Qasim snapped, "Don't lie, boy. You have been told to say this. I know there are people inside. Look again." Another child appeared. He was slightly smaller, with spiky black hair, and was wearing a faded red
shalwar kemis.

"Tell them I am a
meman
[guest],
mosafer
[traveler]," continued Qasim. "Muslims cannot refuse hospitality. We're from the government. We have a right to enter."

The first boy stared at Qasim and then at me and said, "No. There is no one here."

There was a pause and suddenly Abdul Haq grabbed the boy by the collar and began to push him through the medieval arch toward the courtyard.

Qasim shouted, "Stop, don't go in there. This was an al-Qaeda place. You'll both be shot."

Abdul Haq bent down, looked into the boy's eyes, and pushed him roughly away. The boy stumbled backward but did not fall. "Tell them now that we are going to come in," said Abdul Haq.

"There is no one here," the boy repeated.

Abdul Haq looked at the other two men and then turned and walked with them back across the moat bridge. I followed. When we reached the end of the bridge, Abdul Haq nodded at Aziz, spun, dropped to one knee, and brought his rifle to his shoulder, aiming at the boys. Aziz did the same.

The first boy leaped behind the door. The other stood motionless in the archway and began to cry, waiting for the shot.

I paused and then stepped toward Abdul Haq. He glanced at me and I laid my hand over the rifle sight, smiled, and said, "No." The first boy ran out, grabbed his friend, and pushed him behind the door. There was a pause. I dropped my hand. Abdul Haq laughed and we walked off toward the village. I fell back. I did not want to walk alongside these men.

On the outskirts of the village they found a man squatting behind a wall, possibly hiding from them. He stood up and bowed and seized the hands of Abdul Haq and Qasim, ignoring me. Qasim went through the elaborate chain of greetings and then asked where we could stay.

"Over there."

"Lead us," barked Qasim.

"No," replied the man, turning away, "I really..."

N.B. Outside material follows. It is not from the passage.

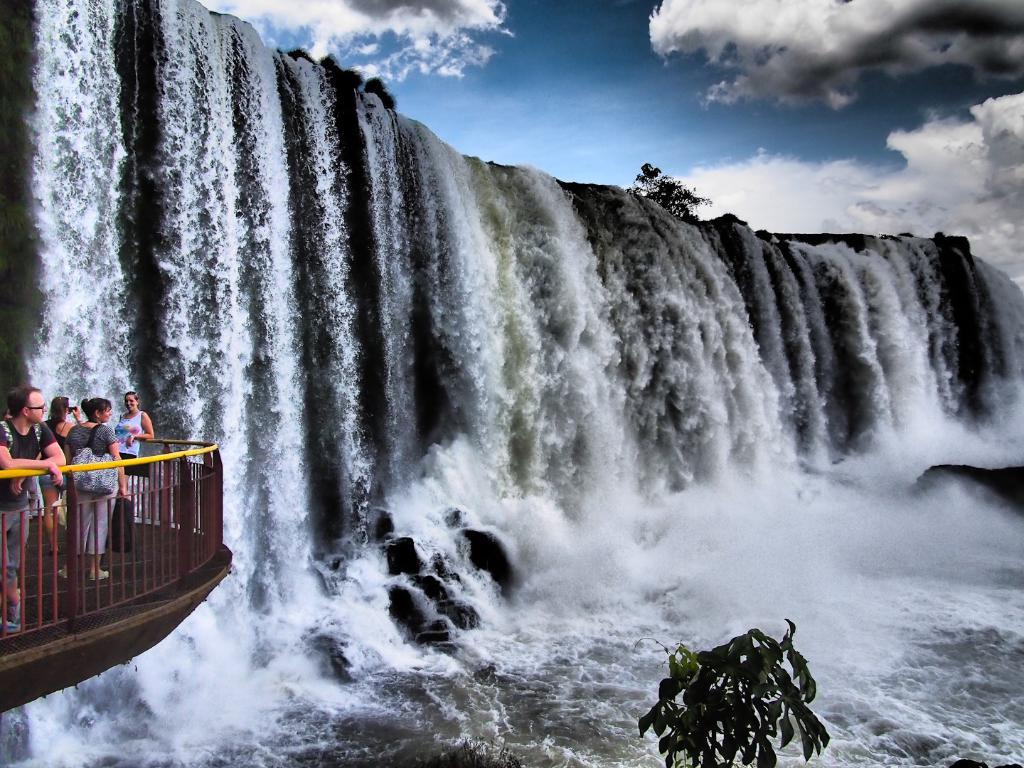What natural feature is the main subject of the image? There is a waterfall in the image. What man-made structure is located near the waterfall? There is a bridge beside the waterfall. Who can be seen in the image? Tourists are present inside the bridge. What are the tourists doing in the image? The tourists are enjoying the beautiful view. What type of apparatus is being used by the tourists to capture the view? There is no specific apparatus mentioned in the image, but the tourists might be using cameras or smartphones to capture the view. Is there a box containing souvenirs near the waterfall? There is no mention of a box containing souvenirs in the image.

Abdul Haq grabbed his wrist and Aziz pointed his rifle at his chest and the man said, "Of course, of course, I will come with you."

We entered the village and saw three old men sitting with their grandchildren on the platform beside the mosque. One white-bearded man advanced with a broad smile. Qasim was becoming aware of how nervous everyone was. He made his greetings particularly polite and lengthy, adding, "No need to be afraid. We just wondered whether we could find some bread, a place to sleep. We are not asking you to kill a sheep for us."

"Ah, yes," said the old man. "Yes. I'm afraid it is such a pity. We simply have nothing at all." He smiled even more broadly. "Nothing at all."

"Just a little," said Qasim, smiling back.

"I'm so sorry," said the old man. "I wish I could help."

"Right," shouted Abdul Haq. "That's it. We'll sleep in the desert. This is your Muslim hospitality ... how you treat guests ... I see it now. If we wanted to kill you, you'd be dead. Look, you idiots. You stupid, old ... idiots. Look." He pointed his rifle at them. They all stepped back and the old man stopped smiling. "Bahh," Abdul Haq roared, imitating the sound of the weapon and the recoil on his shoulder, "Bahh, Bahh..." And he walked off.

"No, no, please come back," said the old man, "stay with us."

"I would never touch your bread."

"Please," shouted the first man. "Stay with me."